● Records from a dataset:
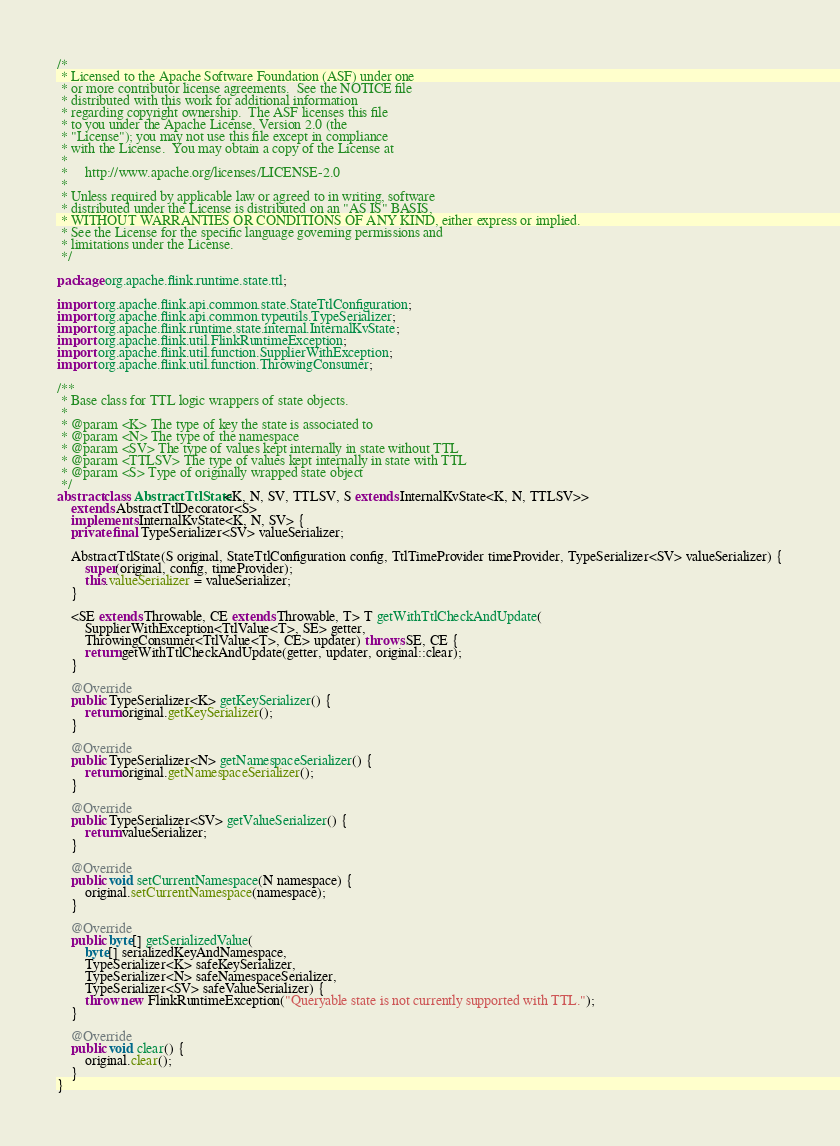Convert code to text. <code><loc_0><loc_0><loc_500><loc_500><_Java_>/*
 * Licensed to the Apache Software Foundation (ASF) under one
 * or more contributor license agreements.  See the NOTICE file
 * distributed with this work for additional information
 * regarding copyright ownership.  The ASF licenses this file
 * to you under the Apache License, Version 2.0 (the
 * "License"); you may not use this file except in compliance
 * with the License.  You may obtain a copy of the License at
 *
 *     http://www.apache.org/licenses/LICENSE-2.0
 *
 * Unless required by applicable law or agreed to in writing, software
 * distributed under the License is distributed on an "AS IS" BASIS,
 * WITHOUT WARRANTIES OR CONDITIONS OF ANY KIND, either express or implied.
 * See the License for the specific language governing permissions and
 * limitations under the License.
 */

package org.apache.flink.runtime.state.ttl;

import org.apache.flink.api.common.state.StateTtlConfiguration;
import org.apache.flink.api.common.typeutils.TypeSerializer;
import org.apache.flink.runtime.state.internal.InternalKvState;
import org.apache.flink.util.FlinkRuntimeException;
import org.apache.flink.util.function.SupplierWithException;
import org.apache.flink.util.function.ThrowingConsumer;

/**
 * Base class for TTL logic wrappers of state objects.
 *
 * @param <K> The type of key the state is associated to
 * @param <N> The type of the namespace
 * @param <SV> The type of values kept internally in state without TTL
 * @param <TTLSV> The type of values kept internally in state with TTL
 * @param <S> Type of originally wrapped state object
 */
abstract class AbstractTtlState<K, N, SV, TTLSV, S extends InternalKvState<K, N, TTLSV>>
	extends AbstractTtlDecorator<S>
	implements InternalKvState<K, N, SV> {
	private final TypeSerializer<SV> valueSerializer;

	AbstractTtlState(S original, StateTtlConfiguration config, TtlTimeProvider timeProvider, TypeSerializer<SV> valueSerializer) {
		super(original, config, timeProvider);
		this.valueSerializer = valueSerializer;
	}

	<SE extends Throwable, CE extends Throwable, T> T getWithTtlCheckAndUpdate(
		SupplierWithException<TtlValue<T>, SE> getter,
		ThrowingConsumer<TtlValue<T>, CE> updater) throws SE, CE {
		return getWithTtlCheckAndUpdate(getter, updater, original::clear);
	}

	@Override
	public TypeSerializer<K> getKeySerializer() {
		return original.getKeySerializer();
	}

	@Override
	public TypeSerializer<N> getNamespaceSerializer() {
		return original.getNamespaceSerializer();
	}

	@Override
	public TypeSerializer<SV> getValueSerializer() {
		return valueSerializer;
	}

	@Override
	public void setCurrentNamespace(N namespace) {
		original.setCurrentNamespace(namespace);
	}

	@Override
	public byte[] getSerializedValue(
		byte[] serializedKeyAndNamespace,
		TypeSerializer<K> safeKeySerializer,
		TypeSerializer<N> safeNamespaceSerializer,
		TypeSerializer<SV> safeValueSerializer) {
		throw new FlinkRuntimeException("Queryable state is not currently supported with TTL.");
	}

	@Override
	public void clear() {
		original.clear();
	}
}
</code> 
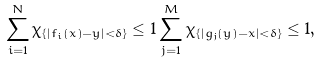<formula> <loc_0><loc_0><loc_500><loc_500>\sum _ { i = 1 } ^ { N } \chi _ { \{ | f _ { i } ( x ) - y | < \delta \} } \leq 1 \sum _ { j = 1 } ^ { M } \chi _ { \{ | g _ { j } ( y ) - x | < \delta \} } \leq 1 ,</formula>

● About this exercise:
Nothing but a number should be given: how many lines in the records hold the word "licenses".

● Solution:
2